Papillary structures fill the airspaces.
Psammoma bodies (calcifications) are abundant in the stroma.
A high power view of the psammoma bodies.
Papillary structures are admixed with typical glands seen in conventional adenocarcinoma.
Papillary structures may be seen in an otherwise conventional pulmonary adenocarcinoma. If this pattern is predominant, the lesion can be diagnosed as "adenocarcinoma, papillary type". Papillae with fibrovascular stalks fill the airspaces and psammoma bodies (similar to those seen in ovarian papillary carcinomas) are common. If the lesion is entirely papillary without recognizable conventional areas, one must consider the diagnosis of metastases from the ovary or thryoid as these organs also produce papillary carcinomas with psammomatous calcifications (Fletcher, Wick).
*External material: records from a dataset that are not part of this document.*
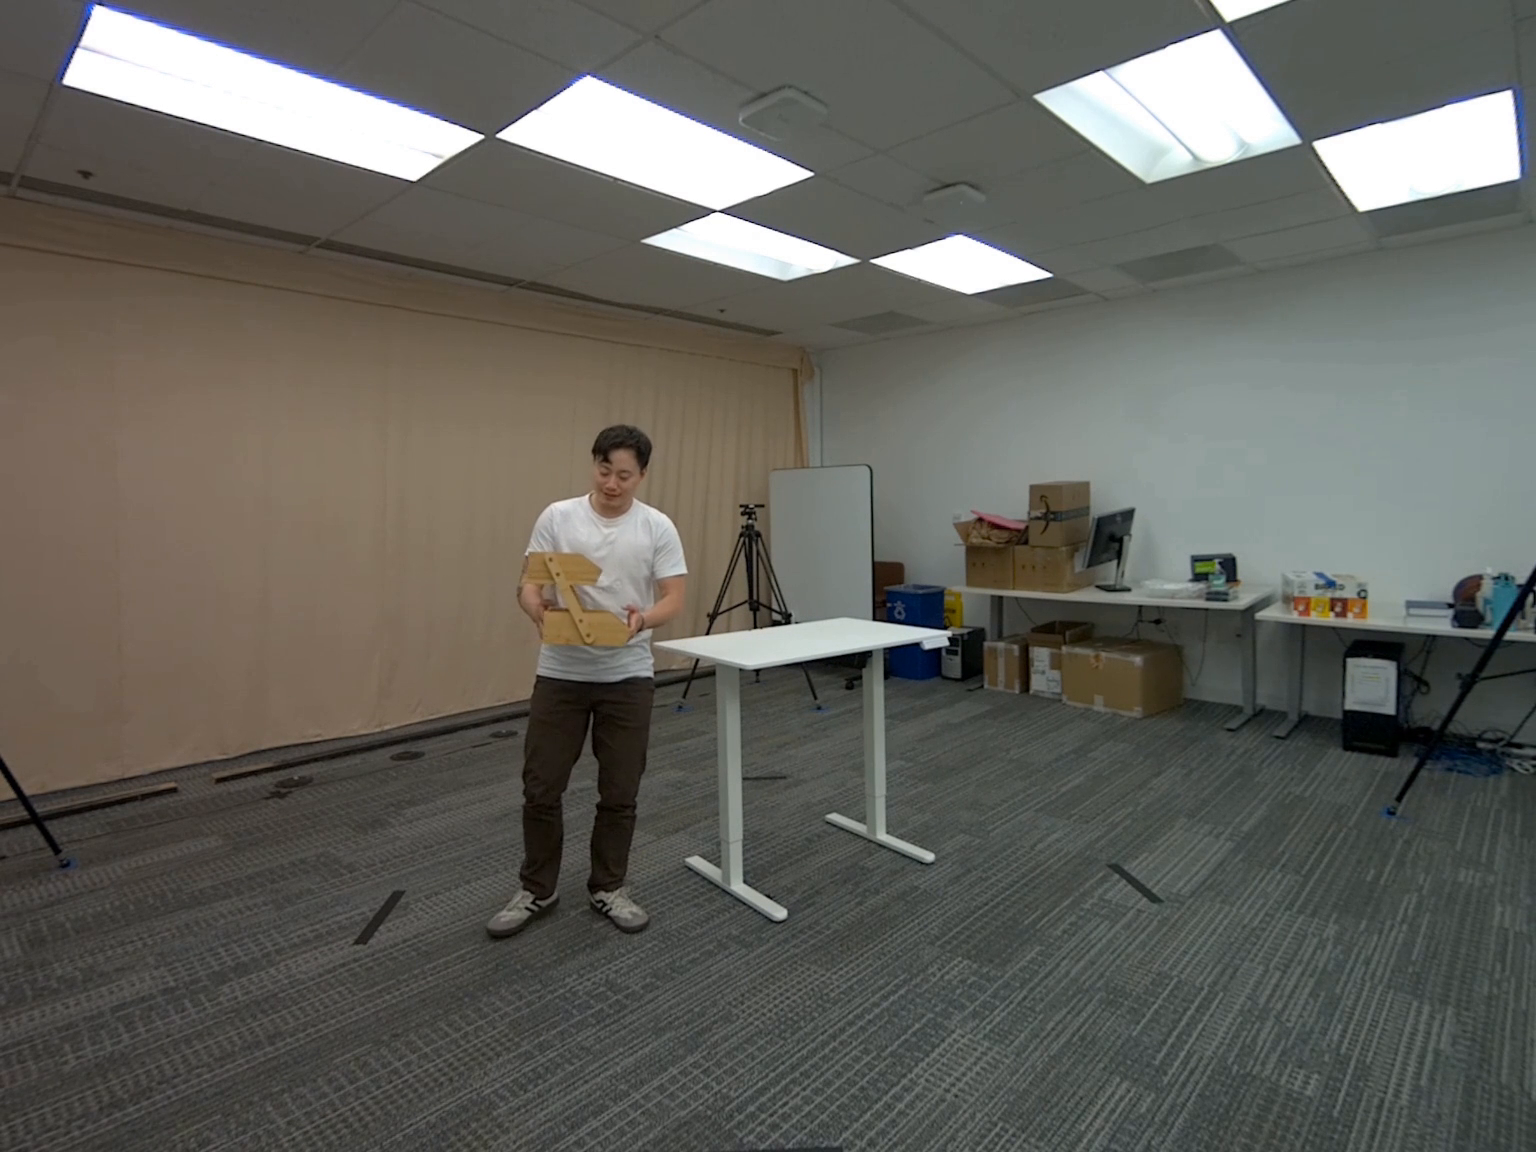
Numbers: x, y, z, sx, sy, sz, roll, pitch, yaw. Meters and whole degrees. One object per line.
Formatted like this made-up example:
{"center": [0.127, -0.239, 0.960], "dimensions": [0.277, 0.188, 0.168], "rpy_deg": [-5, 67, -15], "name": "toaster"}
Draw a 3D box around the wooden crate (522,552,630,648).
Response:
{"center": [-0.543, 0.063, 2.532], "dimensions": [0.299, 0.274, 0.327], "rpy_deg": [3, -2, -10], "name": "wooden crate"}
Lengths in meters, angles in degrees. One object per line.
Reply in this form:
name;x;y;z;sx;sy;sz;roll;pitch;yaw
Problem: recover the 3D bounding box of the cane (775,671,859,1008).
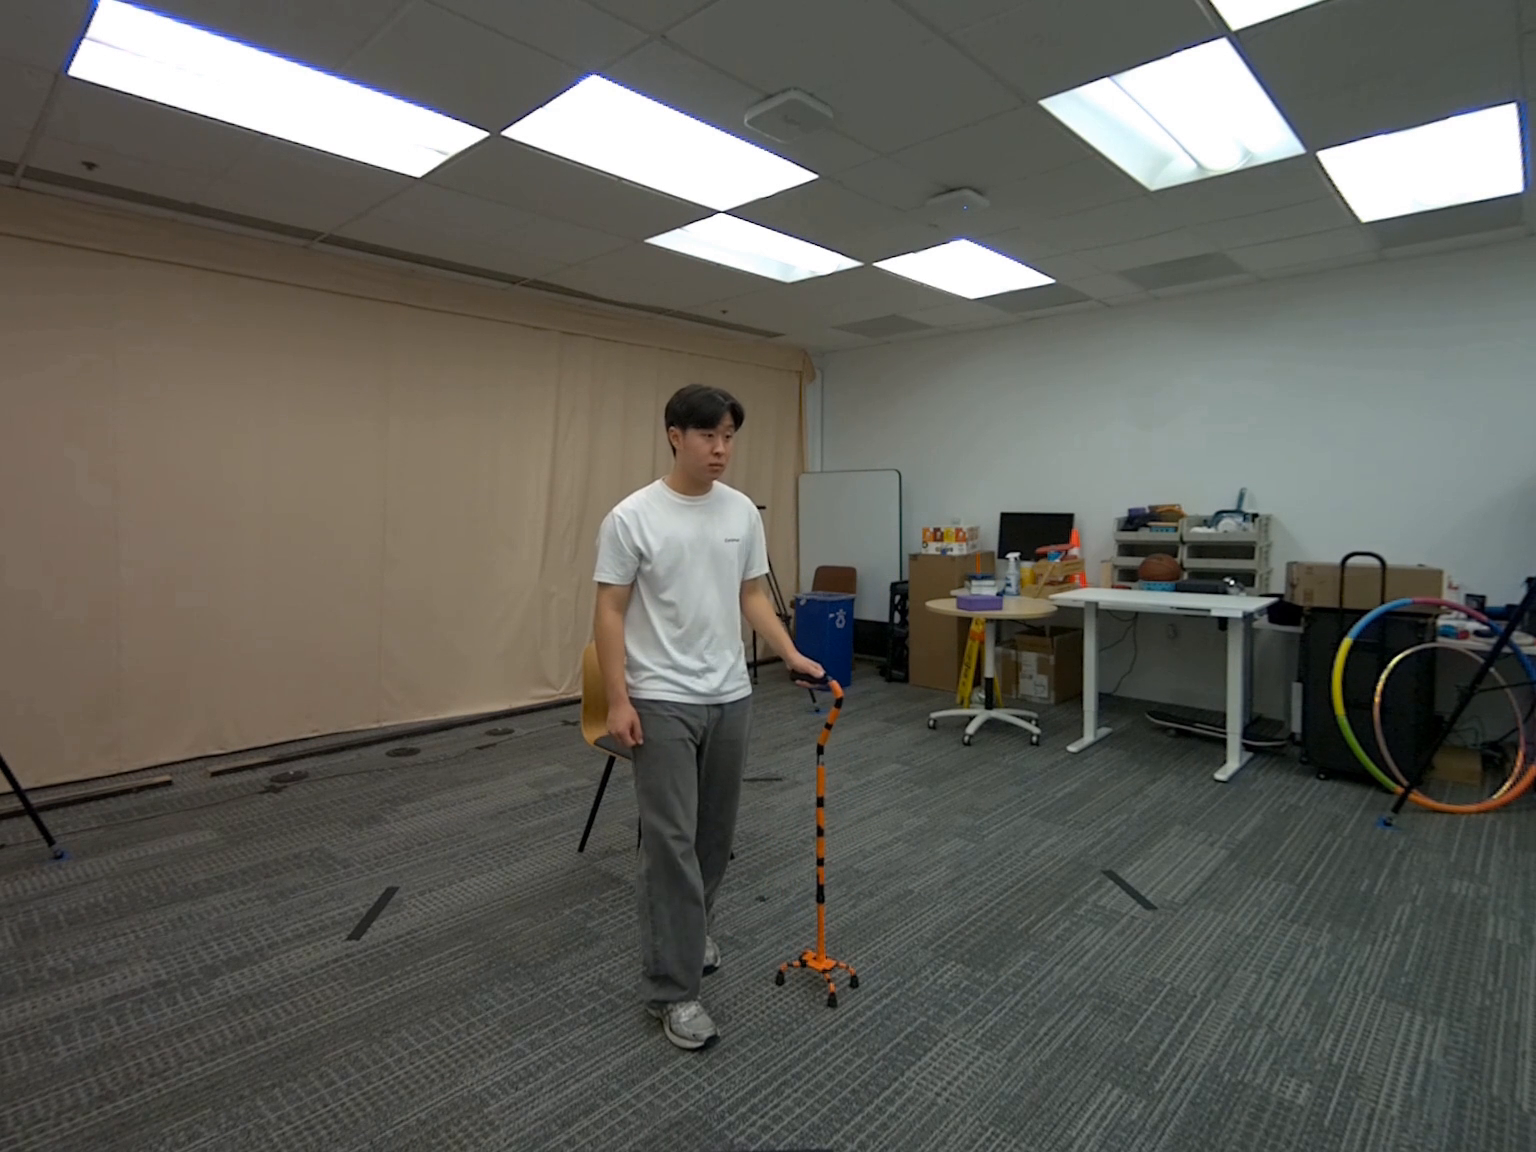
cane;0.160;0.742;2.429;0.213;0.907;0.147;2;1;37
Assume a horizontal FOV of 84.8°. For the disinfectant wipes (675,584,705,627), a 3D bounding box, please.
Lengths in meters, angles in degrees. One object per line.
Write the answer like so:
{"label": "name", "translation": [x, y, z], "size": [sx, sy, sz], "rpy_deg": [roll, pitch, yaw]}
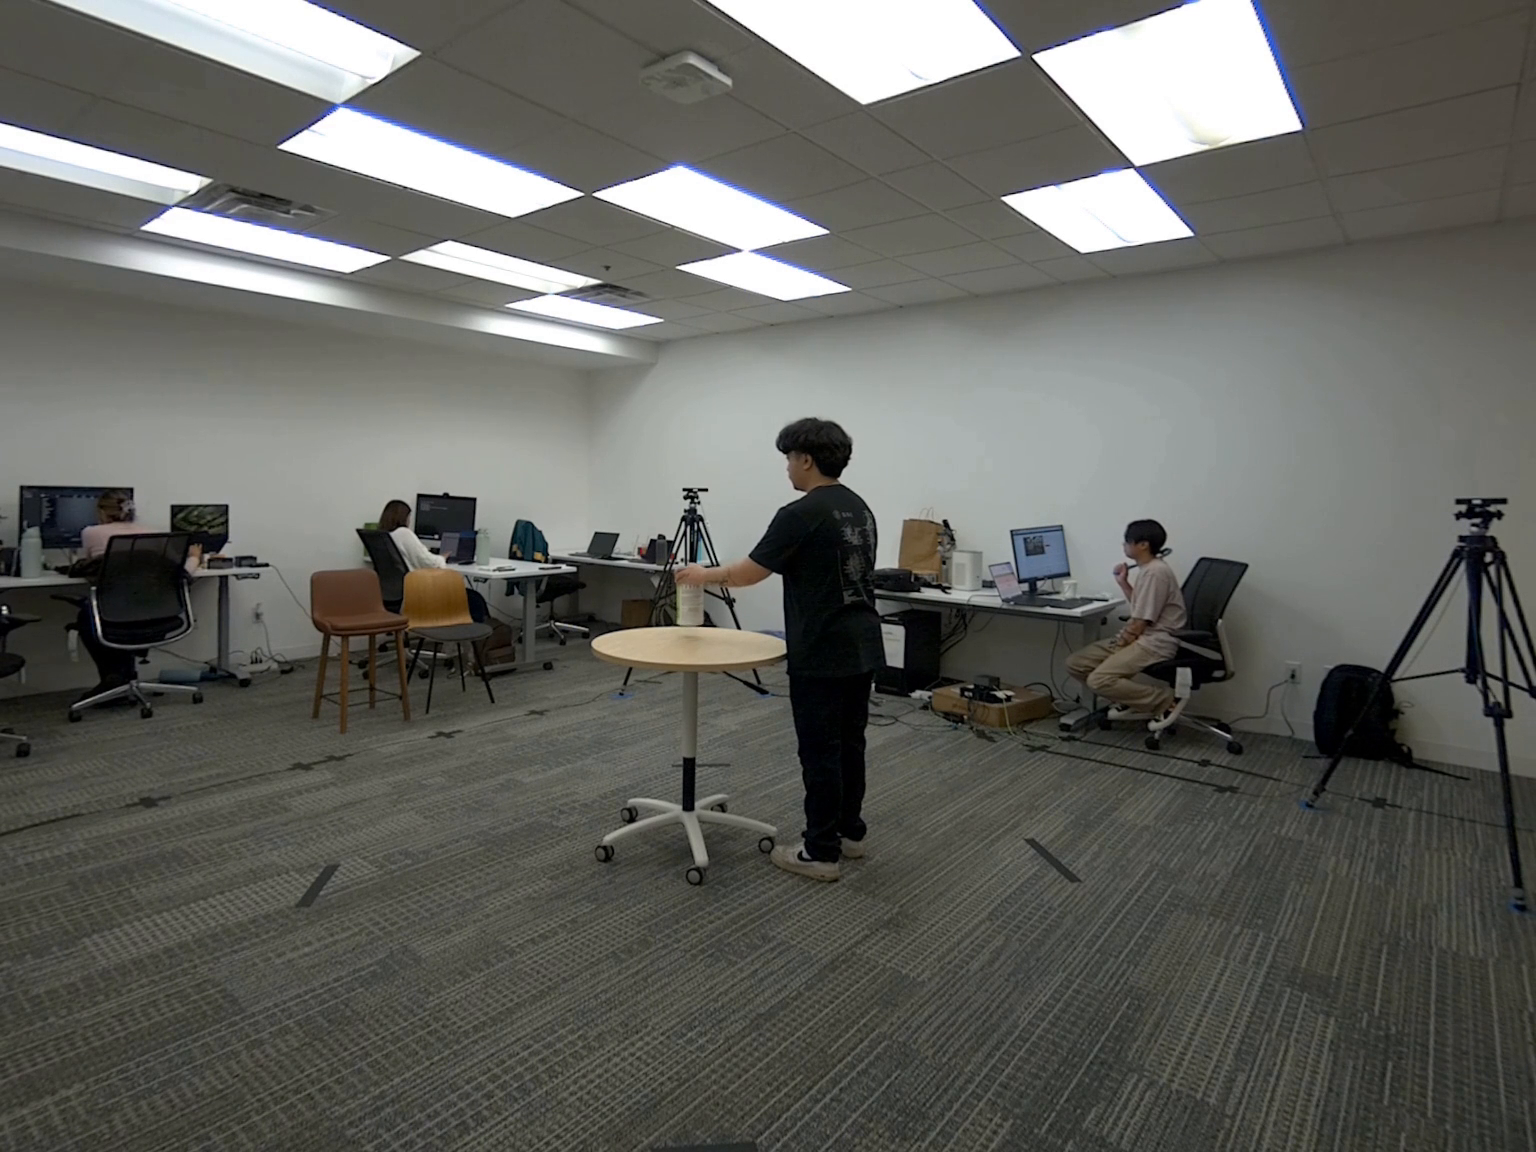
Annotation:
{"label": "disinfectant wipes", "translation": [-0.324, 0.076, 3.420], "size": [0.118, 0.216, 0.118], "rpy_deg": [0, 6, -2]}
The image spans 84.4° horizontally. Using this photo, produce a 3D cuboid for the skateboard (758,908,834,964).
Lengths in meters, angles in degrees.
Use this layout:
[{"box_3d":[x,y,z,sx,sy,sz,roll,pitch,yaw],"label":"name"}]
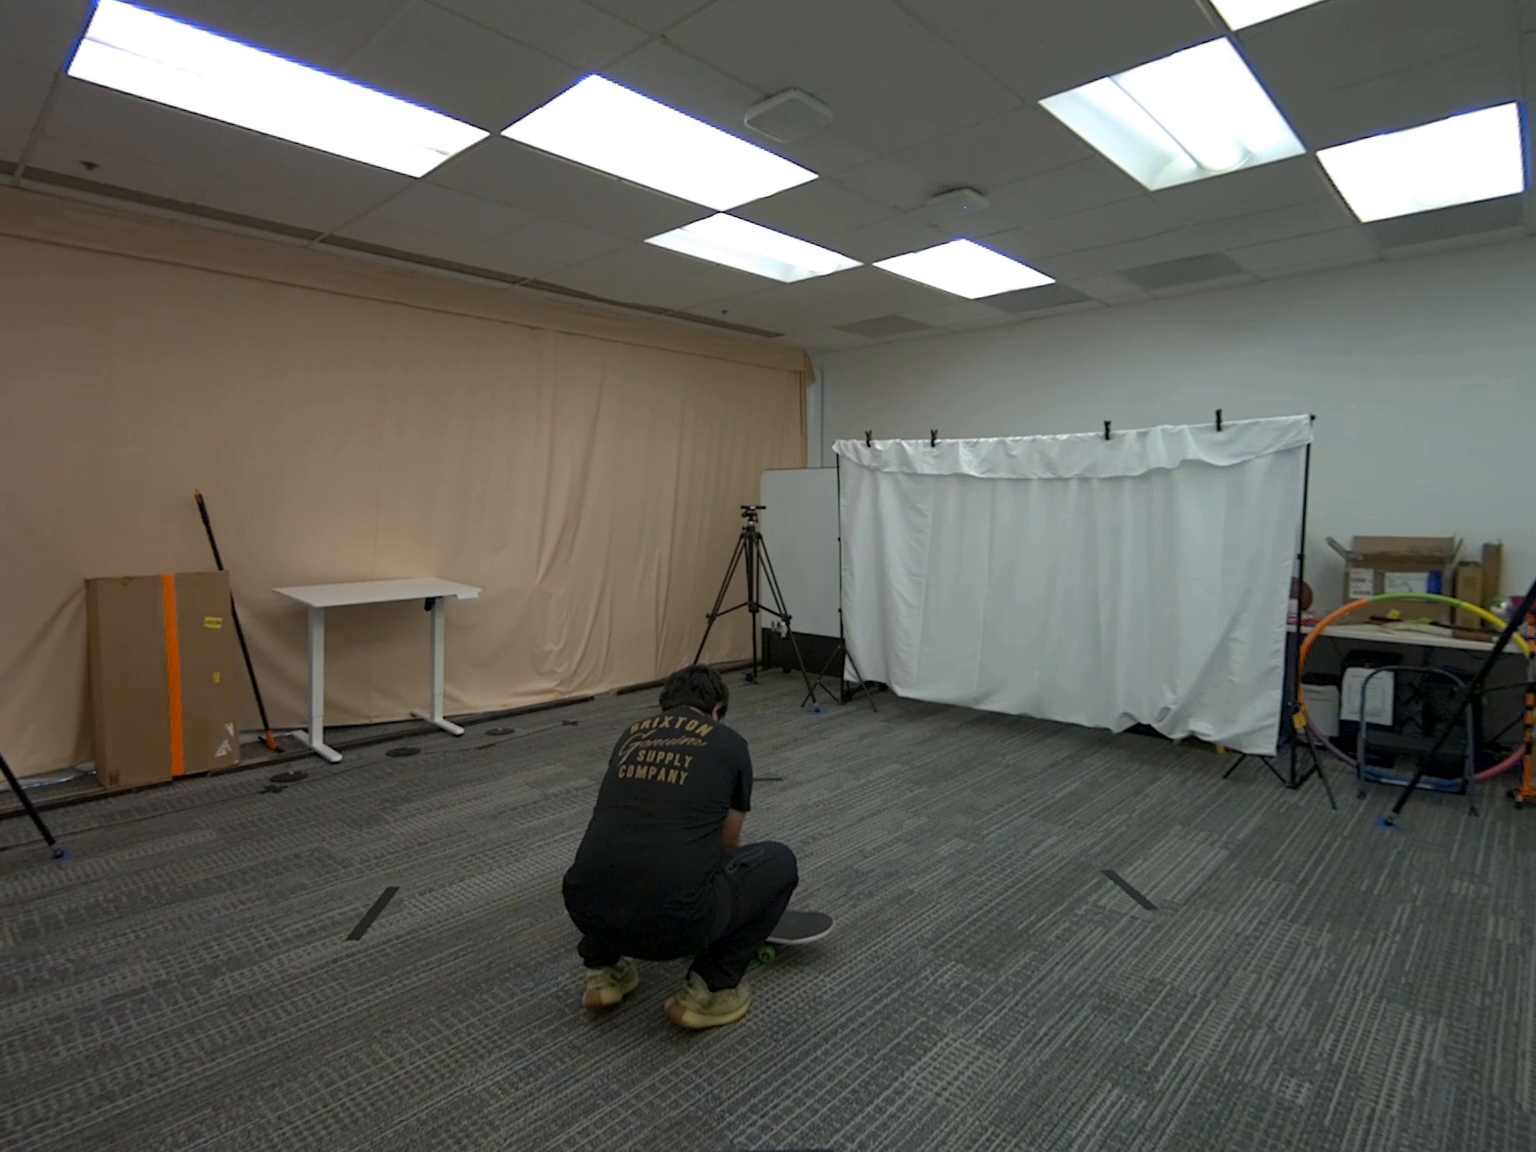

Several studies illustrate a higher than usual incidence of EGFR mutations in papillary and micropapillary adenocarcinomas of lung (De Oliveira Duarte Achcar)
Papillary adenocarcinomas have significantly worse prognosis compared to bronchioloalveolar carcinomas of the lung.
Leslie KO, Wick MR. Practical Pulmonary Pathology. Philadelphia, PA: Elvesier; 2005: 571.
Fletcher CDM, ed. Diagnostic Histopathology of Tumors. 3rd Ed. Philadelphia, PA: Elsevier; 2007: 184.
De Oliveira Duarte Achcar R, Nikiforova MN, Micropapillary lung adenocarcinoma: EGFR, K-ras, and BRAF mutational profile. Yousem SA. Am J Clin Pathol. 2009 May;131(5):694-700.